Review: Heartstopper, "Out" & "Family" | Season 2, Episodes 1 & 2
Everything seems likely to work out for Nick and Charlie, but there's no simple path to joy for queer teens
Welcome to Episodic Medium’s coverage of Netflix’s queer teen romance Heartstopper, which returns today for its second season. This review is free, but subsequent reviews—which are all currently live, but will be emailed out one per day, each covering two episodes—will be exclusively for paid subscribers. You can learn more on our About Page and check out our full summer schedule here.
Heartstopper’s first season was a well-made adaptation of a compelling comic, but ultimately execution was not what helped it break out of the glut of Netflix’s deluge of originals to become a major success story. It was the very essence of the show—a warm-hearted, feel-good look at queer love that embraces joy over tragedy.
This is not to say that there weren’t rough edges around Nick and Charlie’s love story, but the show is predicated on the feeling that their connection with each other can transcend those concerns. The bullying Charlie received from Harry and others is in the past, and whatever hesitation Nick had about embracing his queerness was washed away by his mother’s love and the ocean waves on his and Charlie’s season-ending date to the seaside.
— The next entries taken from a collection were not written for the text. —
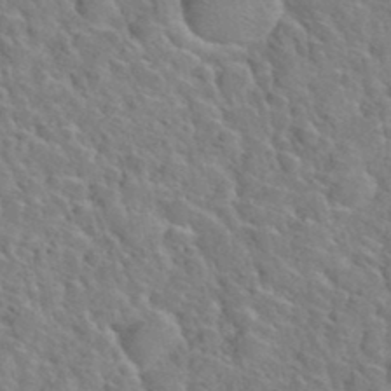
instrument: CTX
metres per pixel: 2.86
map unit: Hto
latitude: 35.8961
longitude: -49.2537
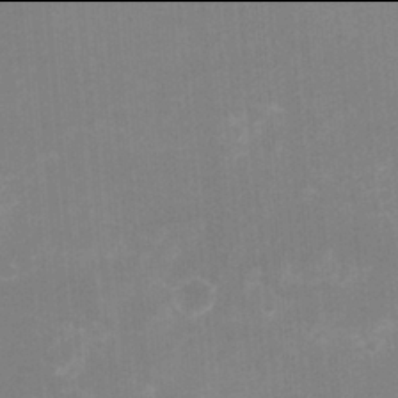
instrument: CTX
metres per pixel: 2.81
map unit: HNhu
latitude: -2.0094
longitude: -1.3481
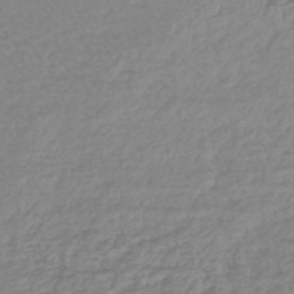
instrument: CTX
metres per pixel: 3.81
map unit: lHb
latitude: -44.7085
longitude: 78.2739
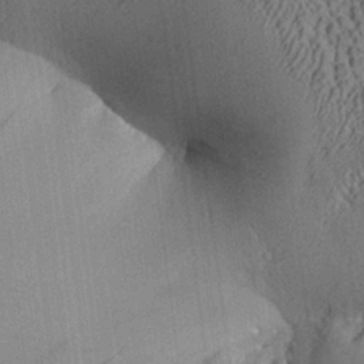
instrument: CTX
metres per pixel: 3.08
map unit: Aa
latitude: 26.1011
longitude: -134.8947
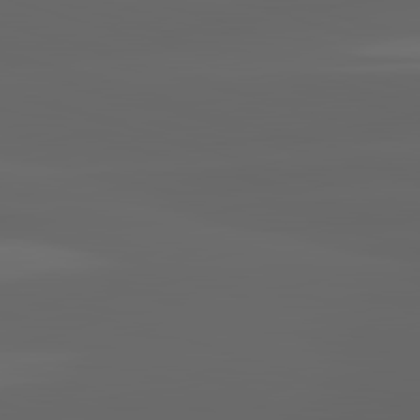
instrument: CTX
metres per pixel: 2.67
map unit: lApd
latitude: 83.0458
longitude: -132.6679
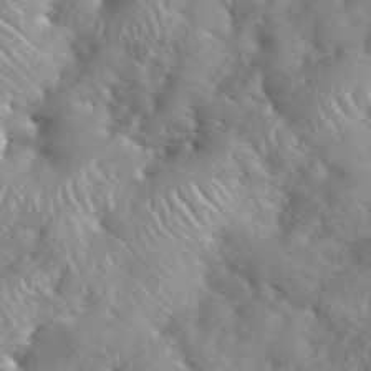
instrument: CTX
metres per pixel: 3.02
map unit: eHh
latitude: 40.1199
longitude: -56.9324
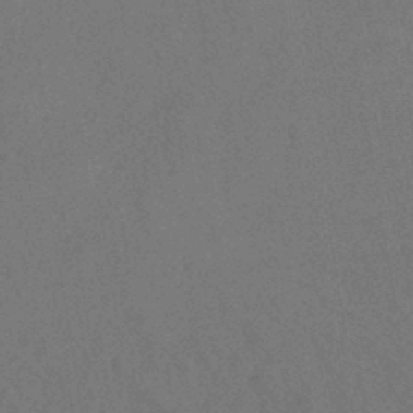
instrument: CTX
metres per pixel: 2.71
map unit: HNhu
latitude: -40.0094
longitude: 98.3495
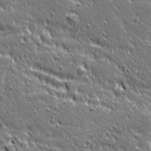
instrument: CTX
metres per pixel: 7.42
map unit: Ave
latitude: 20.3845
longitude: -135.7827
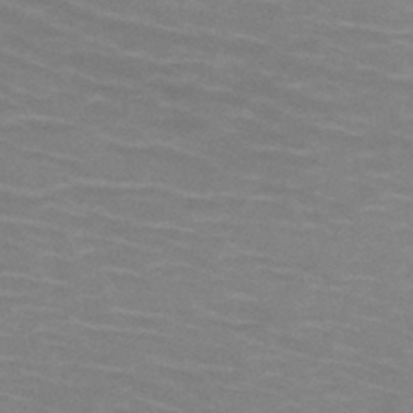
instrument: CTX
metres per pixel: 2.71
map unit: HNb
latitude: -46.6707
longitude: -46.7624
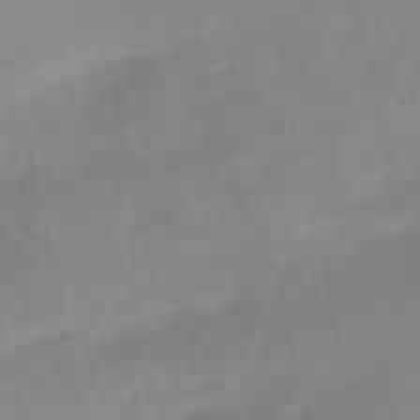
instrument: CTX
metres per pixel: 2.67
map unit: HNb
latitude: -55.0298
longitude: -45.5182
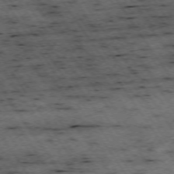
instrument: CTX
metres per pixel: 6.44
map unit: Hpe
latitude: -74.1606
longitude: 3.6154
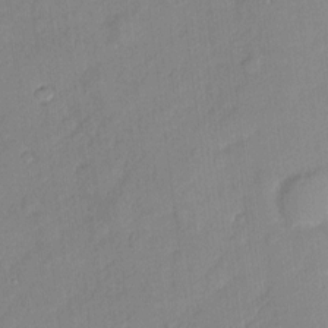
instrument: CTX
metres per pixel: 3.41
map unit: eHh
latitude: 3.8394
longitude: -74.2712
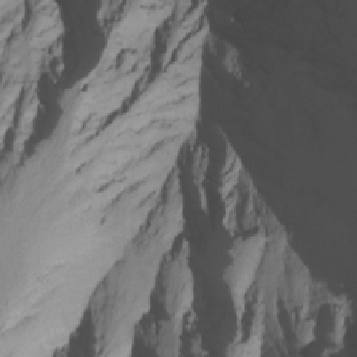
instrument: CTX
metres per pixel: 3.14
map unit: Nhu
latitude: -6.9730
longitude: -80.7435
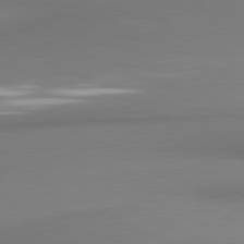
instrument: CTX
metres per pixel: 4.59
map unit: lApd
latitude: 81.1592
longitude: 177.1998
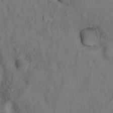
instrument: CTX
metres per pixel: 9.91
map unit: Hto
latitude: 14.8569
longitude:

But for anyone who had read the subsequent volumes of the comic collected in graphic novel form, Heartstopper’s reputation as an unabashed space of queer joy has risked slipping into misrepresentation. My boyfriend—who I connected with in part because of Heartstopper, for what it’s worth—noted he was nervous that the show was going to devolve into the bleak stories of your average queer narrative, and I had to be honest and say that…it kind of is. Heartstopper is never going to become a tragic queer story, to be clear, but it also has no desire to romanticize the reality that Nick and Charlie face after finding love. As noted in a text message taken directly from the comic, “Why is being out so complicated?” is basically this season’s thesis statement, and that means a different vibe than the coming-[out-]of-age journey of season one.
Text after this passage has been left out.